AI does not (yet) beat humans in new mathematical problems: the results of the “First Proof” test

AI does not (yet) beat humans in new mathematical problems: the results of the “First Proof” test

Artificial intelligence has been beaten by humans in solving 10 complicated mathematical problems within the “First Proof” project. The project was born from this question: can AI replace mathematicians? To try to answer, a group of researchers from several European and US universities created the project “First Proof”, which means “first demonstration”. The objective of this project is to evaluate the AI capabilities in solving complex mathematical problems, the proof of which has never been published before.

The First Proof team, which had already organized a first less “official” test in February, submitted 10 new problems of extremely advanced mathematics to four different AI models. The responses were then rated by experts of the sector, just like for a normal review of scientific research. The results, published on the First Proof website on June 10, show that, so far, theTO THE it is still far from the level of the best human researchers. The best performing system, created by the University of Zurich, managed to demonstrate only 6 questions out of 10. The worst, that of Princeton University, demonstrated only 2.

How the test was structured and what its purpose is

Evaluating the actual mathematical capabilities of AI is not easy. One of the main problems is that models are trained on huge amounts of texts, scientific articles and material available online. If a question it’s too much similar to something already present in the training data, the risk is that the system will simply be able to solve it proposing a solution already present in the data on which it was trained, appearing more capable than it is.
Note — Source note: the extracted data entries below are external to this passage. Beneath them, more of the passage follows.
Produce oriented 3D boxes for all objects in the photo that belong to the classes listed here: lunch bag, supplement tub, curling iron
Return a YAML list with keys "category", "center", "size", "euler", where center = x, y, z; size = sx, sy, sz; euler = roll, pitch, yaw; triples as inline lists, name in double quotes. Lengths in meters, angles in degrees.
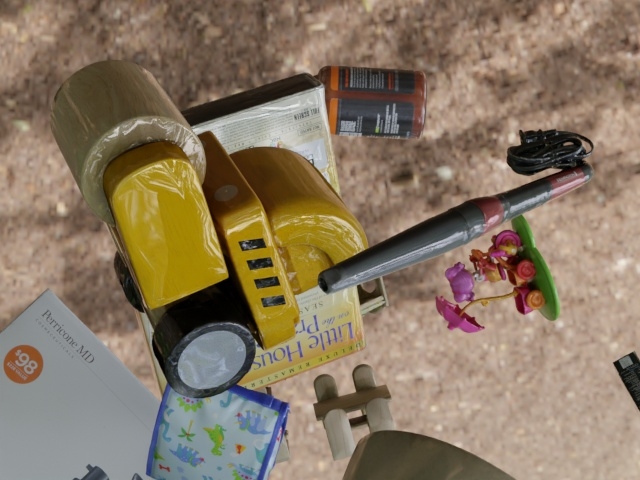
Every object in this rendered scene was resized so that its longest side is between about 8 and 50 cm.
- category: "lunch bag"
  center: [-0.104, 0.196, 1.292]
  size: [0.128, 0.096, 0.151]
  euler: [19, 136, 5]
- category: "supplement tub"
  center: [0.056, -0.206, 1.843]
  size: [0.197, 0.106, 0.106]
  euler: [4, 144, -2]
- category: "curling iron"
  center: [0.107, -0.019, 0.940]
  size: [0.274, 0.068, 0.035]
  euler: [-30, 131, -30]

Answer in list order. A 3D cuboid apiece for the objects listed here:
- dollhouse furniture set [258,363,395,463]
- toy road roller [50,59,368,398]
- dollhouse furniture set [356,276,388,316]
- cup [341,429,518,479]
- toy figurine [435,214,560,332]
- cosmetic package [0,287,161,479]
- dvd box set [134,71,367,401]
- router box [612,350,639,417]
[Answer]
- category: "dollhouse furniture set"
  center: [0.001, 0.281, 2.216]
  size: [0.242, 0.212, 0.161]
  euler: [-15, 101, -2]
- category: "toy road roller"
  center: [-0.098, -0.035, 1.218]
  size: [0.240, 0.202, 0.330]
  euler: [-25, 129, -10]
- category: "dollhouse furniture set"
  center: [0.003, 0.108, 2.206]
  size: [0.160, 0.101, 0.182]
  euler: [-12, -176, 34]
- category: "cup"
  center: [0.128, 0.425, 1.511]
  size: [0.331, 0.237, 0.331]
  euler: [26, 149, 17]
- category: "toy figurine"
  center: [0.241, 0.064, 1.806]
  size: [0.159, 0.130, 0.173]
  euler: [-20, 104, -8]
- category: "cosmetic package"
  center: [-0.292, 0.289, 1.459]
  size: [0.284, 0.377, 0.097]
  euler: [-45, 177, -15]
- category: "dvd box set"
  center: [-0.111, 0.015, 1.659]
  size: [0.307, 0.062, 0.421]
  euler: [-20, 122, -13]
- category: "router box"
  center: [0.464, 0.219, 1.797]
  size: [0.038, 0.092, 0.122]
  euler: [-30, 156, 7]
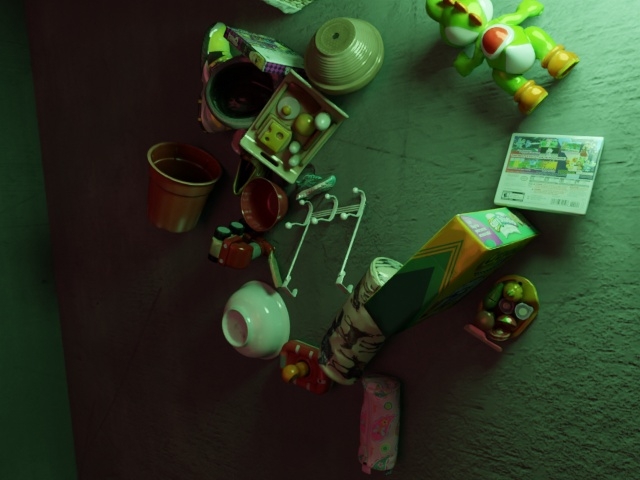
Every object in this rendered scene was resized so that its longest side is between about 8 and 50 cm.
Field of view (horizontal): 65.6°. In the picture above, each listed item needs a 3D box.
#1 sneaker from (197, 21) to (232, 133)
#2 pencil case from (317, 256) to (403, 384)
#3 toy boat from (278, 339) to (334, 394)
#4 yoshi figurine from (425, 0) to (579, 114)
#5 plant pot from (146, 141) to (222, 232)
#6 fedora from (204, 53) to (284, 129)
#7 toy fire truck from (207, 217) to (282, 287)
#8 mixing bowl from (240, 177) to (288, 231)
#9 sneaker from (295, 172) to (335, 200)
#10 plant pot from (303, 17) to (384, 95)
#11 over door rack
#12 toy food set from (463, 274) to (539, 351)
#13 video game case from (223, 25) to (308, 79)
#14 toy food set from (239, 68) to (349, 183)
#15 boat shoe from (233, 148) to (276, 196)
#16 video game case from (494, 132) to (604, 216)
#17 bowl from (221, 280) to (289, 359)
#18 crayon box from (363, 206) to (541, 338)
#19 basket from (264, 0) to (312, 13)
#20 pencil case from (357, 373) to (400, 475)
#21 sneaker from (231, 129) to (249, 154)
[{"bbox_3d":[-0.345,-0.577,1.779,0.147,0.145,0.385,3,97,8],"label":"sneaker"},{"bbox_3d":[0.139,0.246,1.454,0.160,0.183,0.410,-101,33,-53],"label":"pencil case"},{"bbox_3d":[-0.067,0.432,1.656,0.231,0.151,0.151,11,103,37],"label":"toy boat"},{"bbox_3d":[0.411,-0.472,1.178,0.362,0.203,0.203,44,162,10],"label":"yoshi figurine"},{"bbox_3d":[-0.541,-0.189,1.898,0.272,0.272,0.265,45,128,25],"label":"plant pot"},{"bbox_3d":[-0.241,-0.483,1.657,0.275,0.124,0.244,-12,89,8],"label":"fedora"},{"bbox_3d":[-0.237,0.057,1.717,0.246,0.217,0.159,27,113,17],"label":"toy fire truck"},{"bbox_3d":[-0.176,-0.125,1.703,0.181,0.098,0.182,6,99,38],"label":"mixing bowl"},{"bbox_3d":[-0.024,-0.186,1.600,0.166,0.065,0.076,-21,79,37],"label":"sneaker"},{"bbox_3d":[0.055,-0.540,1.394,0.237,0.110,0.238,-5,72,16],"label":"plant pot"},{"bbox_3d":[0.000,0.000,1.501,0.239,0.108,0.324,-8,61,40],"label":"over door rack"},{"bbox_3d":[0.455,0.190,1.259,0.128,0.071,0.218,41,119,27],"label":"toy food set"},{"bbox_3d":[-0.151,-0.577,1.539,0.210,0.232,0.042,46,123,24],"label":"video game case"},{"bbox_3d":[-0.087,-0.343,1.535,0.219,0.092,0.306,36,123,-13],"label":"toy food set"},{"bbox_3d":[-0.217,-0.284,1.710,0.110,0.104,0.308,31,114,32],"label":"boat shoe"},{"bbox_3d":[0.525,-0.157,1.150,0.201,0.023,0.184,13,82,37],"label":"video game case"},{"bbox_3d":[-0.263,0.303,1.808,0.297,0.134,0.298,6,100,39],"label":"bowl"},{"bbox_3d":[0.317,0.065,1.166,0.313,0.362,0.106,-48,67,33],"label":"crayon box"},{"bbox_3d":[-0.097,-0.882,1.403,0.266,0.331,0.329,-7,92,33],"label":"basket"},{"bbox_3d":[0.176,0.551,1.500,0.124,0.124,0.284,10,101,37],"label":"pencil case"},{"bbox_3d":[-0.276,-0.361,1.757,0.070,0.051,0.134,-41,37,26],"label":"sneaker"}]
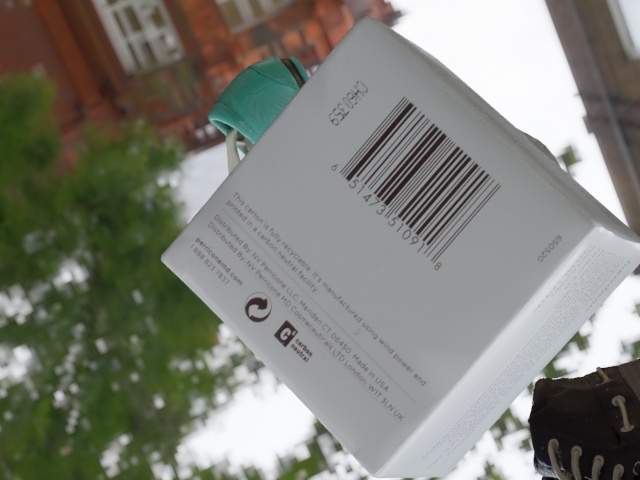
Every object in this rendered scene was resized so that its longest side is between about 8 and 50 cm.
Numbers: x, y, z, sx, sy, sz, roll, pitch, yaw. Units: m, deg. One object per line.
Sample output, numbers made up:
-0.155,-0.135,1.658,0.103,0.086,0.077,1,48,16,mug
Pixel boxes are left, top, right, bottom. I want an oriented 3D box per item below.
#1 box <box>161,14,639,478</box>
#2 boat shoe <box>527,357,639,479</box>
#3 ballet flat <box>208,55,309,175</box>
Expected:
0.047,0.007,1.011,0.182,0.181,0.119,-50,157,11,box
0.277,0.226,1.691,0.158,0.127,0.340,-10,-156,8,boat shoe
0.000,0.000,1.226,0.087,0.247,0.083,-29,-178,-7,ballet flat
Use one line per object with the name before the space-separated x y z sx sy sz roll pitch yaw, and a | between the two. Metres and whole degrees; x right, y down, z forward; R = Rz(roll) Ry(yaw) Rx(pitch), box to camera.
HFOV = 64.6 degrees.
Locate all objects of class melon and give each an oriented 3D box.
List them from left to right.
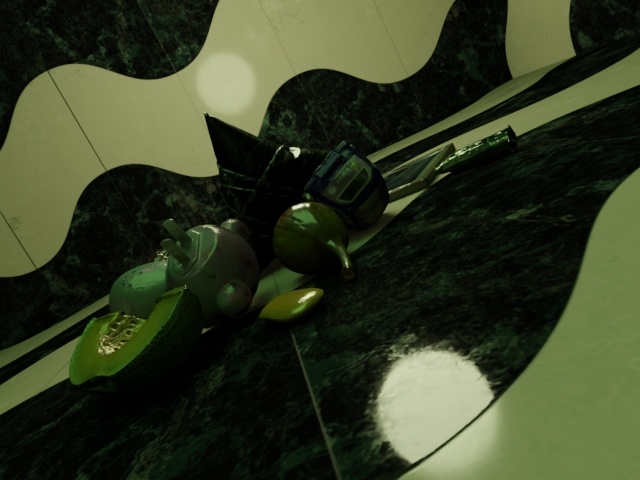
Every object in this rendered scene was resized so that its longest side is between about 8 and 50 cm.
melon | -0.309 0.201 0.870 0.265 0.129 0.169 -18 35 28

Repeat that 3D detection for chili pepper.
chili pepper | 0.383 -0.214 1.288 0.227 0.059 0.088 -22 16 38

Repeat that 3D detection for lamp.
lamp | -0.279 0.075 1.022 0.301 0.247 0.247 -23 40 13

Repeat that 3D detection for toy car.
toy car | 0.078 -0.107 1.222 0.172 0.158 0.235 -50 -29 -5

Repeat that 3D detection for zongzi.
zongzi | -0.180 -0.142 1.297 0.383 0.362 0.319 -56 16 24

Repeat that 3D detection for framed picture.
framed picture | 0.235 -0.183 1.591 0.326 0.028 0.446 -22 12 30

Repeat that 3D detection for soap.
soap | -0.058 0.112 0.862 0.089 0.033 0.168 -32 10 -36

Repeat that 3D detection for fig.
fig | 0.000 0.000 0.979 0.151 0.151 0.259 -30 14 -16

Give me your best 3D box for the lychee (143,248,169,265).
lychee | -0.360 0.102 1.259 0.238 0.200 0.200 -43 3 24
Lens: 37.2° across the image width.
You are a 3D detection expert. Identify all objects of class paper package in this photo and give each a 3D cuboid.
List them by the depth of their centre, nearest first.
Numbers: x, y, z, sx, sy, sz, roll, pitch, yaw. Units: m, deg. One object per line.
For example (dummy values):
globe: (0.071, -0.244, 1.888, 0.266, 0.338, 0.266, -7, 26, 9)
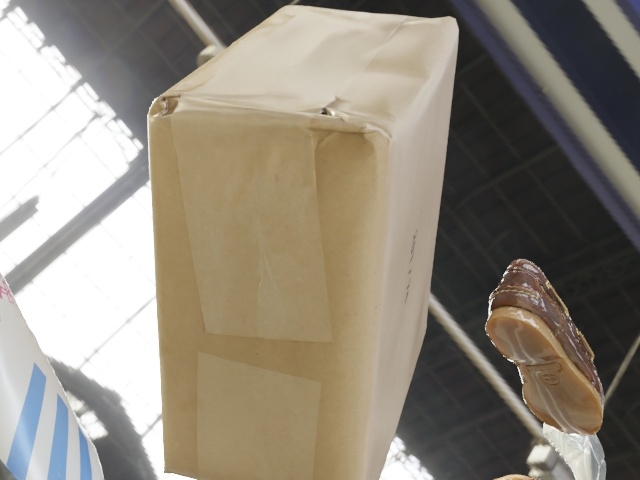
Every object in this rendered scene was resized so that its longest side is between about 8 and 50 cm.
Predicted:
paper package: (0.000, 0.000, 0.770, 0.168, 0.309, 0.325, 9, -61, 13)

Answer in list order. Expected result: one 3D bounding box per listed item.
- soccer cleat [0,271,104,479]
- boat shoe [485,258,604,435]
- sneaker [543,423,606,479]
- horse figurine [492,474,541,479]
soccer cleat: (-0.233, 0.120, 0.663, 0.331, 0.116, 0.143, 66, 9, 13)
boat shoe: (0.213, 0.101, 0.868, 0.073, 0.073, 0.207, -4, -43, 31)
sneaker: (0.319, 0.254, 1.205, 0.061, 0.152, 0.053, -22, -30, 28)
horse figurine: (0.177, 0.370, 1.238, 0.263, 0.174, 0.066, -10, -64, 2)
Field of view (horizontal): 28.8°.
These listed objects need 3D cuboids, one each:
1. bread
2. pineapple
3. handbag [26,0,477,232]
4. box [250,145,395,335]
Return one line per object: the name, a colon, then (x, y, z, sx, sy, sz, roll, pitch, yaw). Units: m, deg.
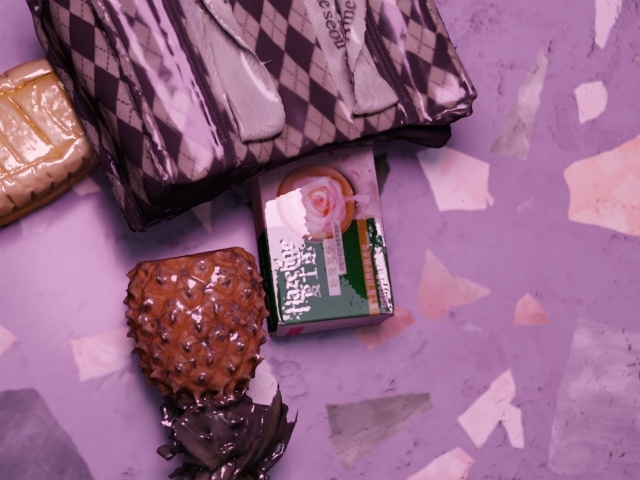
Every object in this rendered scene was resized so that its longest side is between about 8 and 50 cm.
bread: (-0.339, -0.097, 1.334, 0.236, 0.106, 0.140, -30, 86, -15)
pineapple: (-0.104, 0.190, 1.304, 0.165, 0.165, 0.364, -11, 88, -13)
handbag: (-0.056, -0.203, 1.326, 0.416, 0.180, 0.317, -20, 75, -30)
box: (0.000, 0.000, 1.393, 0.135, 0.081, 0.199, -6, 77, -12)
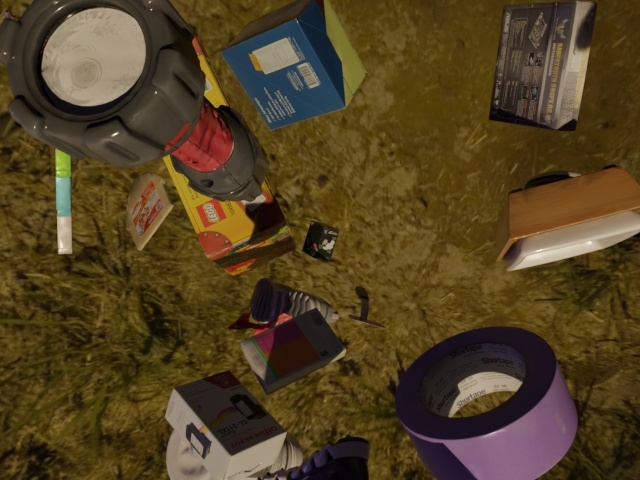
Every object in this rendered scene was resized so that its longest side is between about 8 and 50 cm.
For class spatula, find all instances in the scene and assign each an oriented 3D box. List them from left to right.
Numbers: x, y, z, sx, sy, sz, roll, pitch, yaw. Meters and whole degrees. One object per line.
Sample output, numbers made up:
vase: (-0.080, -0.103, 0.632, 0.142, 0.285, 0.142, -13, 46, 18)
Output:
spatula: (0.105, 0.156, 1.438, 0.084, 0.296, 0.030, 17, 104, -3)

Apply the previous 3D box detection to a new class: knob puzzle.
knob puzzle: (-0.464, -0.096, 1.622, 0.213, 0.030, 0.213, -11, 74, 40)

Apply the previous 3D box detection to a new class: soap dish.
soap dish: (0.436, -0.033, 1.095, 0.229, 0.291, 0.118, -15, 78, 9)

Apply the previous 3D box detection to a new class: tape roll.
tape roll: (0.187, 0.187, 0.694, 0.189, 0.189, 0.080, -25, 110, 5)

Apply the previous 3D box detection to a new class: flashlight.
flashlight: (-0.101, -0.081, 0.448, 0.103, 0.304, 0.103, 9, 85, 8)

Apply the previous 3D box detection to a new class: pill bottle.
pill bottle: (-0.174, 0.479, 1.346, 0.177, 0.319, 0.176, -13, 64, 27)

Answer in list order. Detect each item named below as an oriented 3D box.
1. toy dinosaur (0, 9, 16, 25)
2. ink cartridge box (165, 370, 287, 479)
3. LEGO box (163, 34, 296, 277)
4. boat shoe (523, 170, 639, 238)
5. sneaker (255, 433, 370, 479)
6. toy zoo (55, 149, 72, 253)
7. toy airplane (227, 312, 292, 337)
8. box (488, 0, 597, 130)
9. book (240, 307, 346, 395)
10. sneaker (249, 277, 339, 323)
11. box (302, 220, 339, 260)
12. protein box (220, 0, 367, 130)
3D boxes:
toy dinosaur: (-0.441, -0.284, 0.775, 0.090, 0.082, 0.047, -26, 64, 29)
ink cartridge box: (-0.163, 0.319, 1.042, 0.175, 0.128, 0.072, 36, 118, 34)
LEGO box: (-0.258, -0.186, 1.513, 0.193, 0.372, 0.499, -25, 79, -3)
boat shoe: (0.585, -0.066, 1.339, 0.340, 0.127, 0.113, 20, 64, 46)
sneaker: (-0.023, 0.342, 0.769, 0.234, 0.078, 0.106, -39, 43, 28)
toy zoo: (-0.563, -0.104, 1.321, 0.030, 0.192, 0.293, -1, 119, -23)
toy airplane: (-0.137, 0.192, 1.310, 0.151, 0.151, 0.028, -24, 55, 5)
box: (0.422, -0.337, 1.165, 0.056, 0.183, 0.230, -6, 109, -28)
book: (-0.045, 0.175, 0.978, 0.144, 0.035, 0.096, -21, 55, -22)
sneaker: (-0.071, 0.162, 1.421, 0.281, 0.115, 0.105, 13, 84, 54)
box: (0.000, 0.000, 1.505, 0.062, 0.052, 0.083, 29, 105, 51)
protein box: (-0.052, -0.361, 1.230, 0.201, 0.199, 0.136, -8, 39, 37)
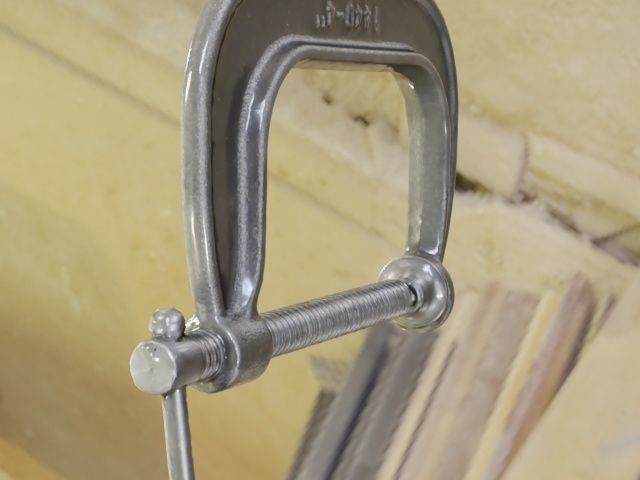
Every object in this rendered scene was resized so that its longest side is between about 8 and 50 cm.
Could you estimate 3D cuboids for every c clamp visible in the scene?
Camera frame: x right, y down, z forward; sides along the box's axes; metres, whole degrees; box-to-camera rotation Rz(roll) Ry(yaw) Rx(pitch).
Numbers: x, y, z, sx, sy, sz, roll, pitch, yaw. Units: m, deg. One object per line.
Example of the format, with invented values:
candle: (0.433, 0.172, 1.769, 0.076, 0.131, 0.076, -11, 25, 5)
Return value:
c clamp: (0.000, 0.000, 0.363, 0.022, 0.161, 0.137, 1, 101, 28)
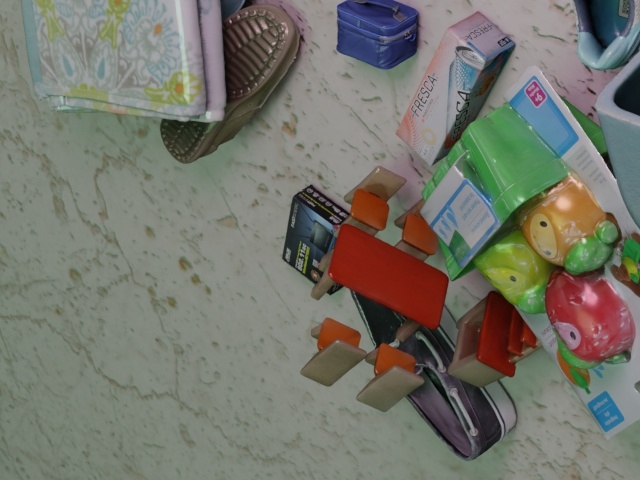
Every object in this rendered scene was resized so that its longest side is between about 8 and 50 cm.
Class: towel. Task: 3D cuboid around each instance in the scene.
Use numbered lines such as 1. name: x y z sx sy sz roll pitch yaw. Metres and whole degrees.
1. towel: -0.255 -0.335 2.005 0.320 0.090 0.374 9 111 40

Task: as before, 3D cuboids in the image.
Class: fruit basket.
1. fruit basket: 0.256 0.030 1.691 0.353 0.165 0.327 62 158 13

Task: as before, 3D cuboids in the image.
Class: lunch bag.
1. lunch bag: 0.067 -0.246 1.837 0.098 0.067 0.065 25 133 33

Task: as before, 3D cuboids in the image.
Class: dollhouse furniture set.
1. dollhouse furniture set: 0.126 0.066 1.874 0.259 0.262 0.135 26 144 -16

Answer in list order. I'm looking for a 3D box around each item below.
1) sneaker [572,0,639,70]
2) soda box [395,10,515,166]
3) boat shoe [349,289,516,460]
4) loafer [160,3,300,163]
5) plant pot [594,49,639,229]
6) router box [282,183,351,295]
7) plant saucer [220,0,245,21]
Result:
1. sneaker: 0.286 -0.292 1.518 0.110 0.122 0.283 15 127 40
2. soda box: 0.151 -0.170 1.808 0.063 0.058 0.183 44 142 16
3. boat shoe: 0.120 0.151 2.038 0.301 0.102 0.108 53 143 5
4. loafer: -0.110 -0.207 2.046 0.102 0.092 0.268 52 127 9
5. plant pot: 0.424 -0.068 1.445 0.248 0.247 0.252 27 149 33
6. router box: 0.000 0.000 2.113 0.092 0.038 0.122 37 139 25
7. plant saucer: -0.186 -0.418 2.010 0.317 0.044 0.317 27 133 33
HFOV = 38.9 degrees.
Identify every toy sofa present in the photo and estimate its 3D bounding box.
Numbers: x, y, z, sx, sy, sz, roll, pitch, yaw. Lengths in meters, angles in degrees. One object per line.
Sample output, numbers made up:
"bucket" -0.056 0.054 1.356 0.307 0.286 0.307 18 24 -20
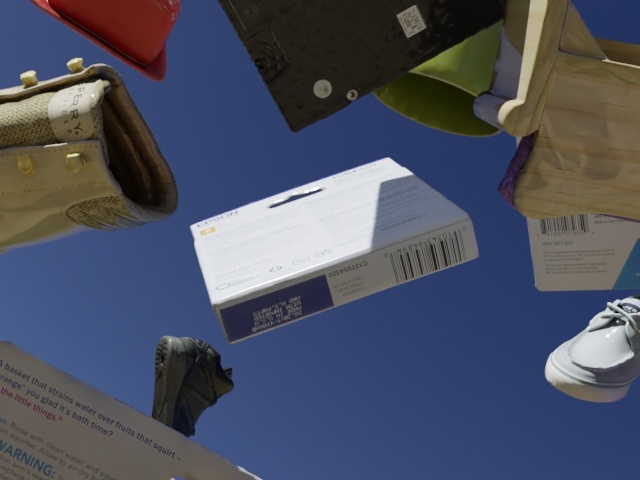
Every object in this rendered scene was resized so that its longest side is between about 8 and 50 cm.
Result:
"toy sofa" 0.319 -0.094 0.757 0.362 0.150 0.177 9 -76 -3

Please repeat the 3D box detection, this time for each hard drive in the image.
"hard drive" 0.065 -0.282 0.828 0.237 0.338 0.064 59 5 -21

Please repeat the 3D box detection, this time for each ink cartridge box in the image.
"ink cartridge box" 0.000 0.000 1.210 0.330 0.324 0.071 -127 -161 -70
"ink cartridge box" 0.395 -0.097 1.217 0.223 0.129 0.308 -3 -77 33

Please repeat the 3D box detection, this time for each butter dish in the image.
"butter dish" -0.194 -0.264 0.902 0.160 0.160 0.118 31 -60 -33

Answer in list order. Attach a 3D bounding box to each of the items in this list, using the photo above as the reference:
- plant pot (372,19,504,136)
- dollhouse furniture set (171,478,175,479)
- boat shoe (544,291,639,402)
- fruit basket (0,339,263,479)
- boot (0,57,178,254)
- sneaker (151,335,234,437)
"plant pot" 0.264 -0.387 1.715 0.274 0.294 0.275 21 -9 3
"dollhouse furniture set" -0.199 0.370 1.045 0.242 0.212 0.161 7 13 -36
"boat shoe" 0.303 0.093 0.913 0.079 0.227 0.081 29 -61 36
"fruit basket" -0.118 0.283 0.535 0.327 0.353 0.165 26 1 5
"boot" -0.212 -0.058 0.479 0.203 0.095 0.262 -11 -29 15
"sneaker" -0.204 0.269 1.460 0.130 0.228 0.087 6 -2 -29
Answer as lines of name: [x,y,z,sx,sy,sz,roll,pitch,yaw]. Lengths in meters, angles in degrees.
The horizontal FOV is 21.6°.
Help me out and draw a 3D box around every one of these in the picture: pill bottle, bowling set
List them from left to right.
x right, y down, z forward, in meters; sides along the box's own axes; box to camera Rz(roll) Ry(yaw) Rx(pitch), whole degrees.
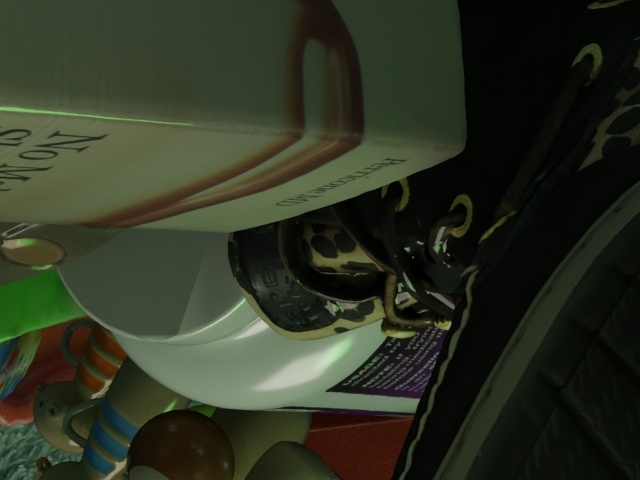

To really test its capabilities, the “First Proof” team asked researchers from around the world to submit problemsquestions and theorems that they had resolved during their research, but which Not they still had published neither in scientific articles nor online. Among all the proposals, ten were selected, belonging to different branches of mathematics, from geometry toalgebra until chance.

AI systems have had to address these problems completely autonomously, without human assistance. The solutions were then examined by a group of about thirty mathematicians, following a process similar to that used in review of articles scientific.

Four different AIs were tested and ETH Zurich won

Four AI models took part in the challenge. The only large company directly present was OpenAI with ChatGPT 5.5 Pro. The other three systems were developed by research groups fromUniversity of California of Los Angeles (UCLA), of Princeton University of New Jersey and the Federal Polytechnic (ETH) of Zurich.

All three universities have developed so-called “harness”, i.e. AI systems in which a model (e.g. ChatGPT) produces a solution and other models (e.g. Gemini and Claude) the they checkthey criticize it and improve it through a series of subsequent steps. The winning system from ETH Zurich worked exactly like this: ChatGPT generated a possible proof, which was then verified and improved with the contribution of Gemini and Claude.

As we said, the ETH Zurich harness was the best, solving and proving correctly 6 out of 10 problems. In second place was the UCLA team, followed by ChatGPT 5.5 Pro. Last was the Princeton system, which, with a harness based mainly on Gemini 3.1 Pro, managed to demonstrate only two questions.

All this, however, was not without costs. The systems created by the three universities, precisely because of their continuous verification mechanisms, were incredibly expensive. The ETH model has come to consume 950 dollars in an attempt to resolve a single problemwithout success. For comparison, ChatGPT 5.5 Pro used alone only required $144 to tackle the entire set of ten problems.

Image
One of the 10 “First Proof” test problems. This geometry question has not been solved by any AI and the proof attempts have cost a total of more than 1100 dollars.

Because AI still can’t replace mathematicians

After the competition, the First Proof team tried to understand why some of the proposed problems remained unsolved. The main conclusion is that these questions required ideas or strategies very different from those present in the existing mathematical literature. According to Johannes Schmitt, a member of the ETH Zurich team, AI often lacked “a critical and unexpected idea”, that creative step necessary to complete the reasoning and arrive at the proof.

Another limitation that emerged concerns the way in which the models construct the proofs. AIs tended to develop with great precision the more procedural parts e mechanicalthose considered most boring by humans, but, in steps more conceptually complex they tended to be a lot less rigorous. In some cases they took for granted results that would require demonstration, without providing any justification. In others they cited articles that did not actually contain the mentioned result.

This does not mean that artificial intelligence is useless for mathematical research. On the contrary, the test shows that it can already be a useful tool for verify steps and be supported in demonstrations. The First Proof team will begin preparing a new edition of the test, scheduled for October 2026. According to the organizers, the next versions of the test could help to better understand in which contexts artificial intelligence can become truly useful to mathematicians, from verifying proofs to finding new strategies to tackle problems that are still open.